Source data:
= Beginning of Section =
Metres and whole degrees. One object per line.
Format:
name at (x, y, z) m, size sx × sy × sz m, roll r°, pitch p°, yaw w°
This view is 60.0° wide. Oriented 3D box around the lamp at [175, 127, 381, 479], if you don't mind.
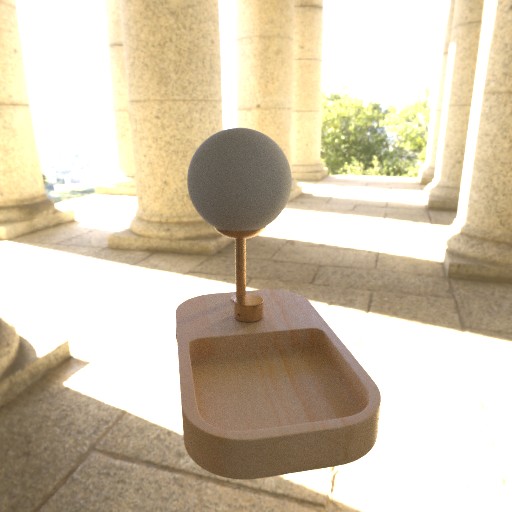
= End of Section =
What you have to do:
Return the material above in exact form. Pictures stay out.

Your response:
Metres and whole degrees. One object per line.
Format:
name at (x, y, z) m, size sx × sy × sz m, roll r°, pitch p°, yaw w°
This view is 60.0° wide. Oriented 3D box around the lamp at [175, 127, 381, 479], if you don't mind.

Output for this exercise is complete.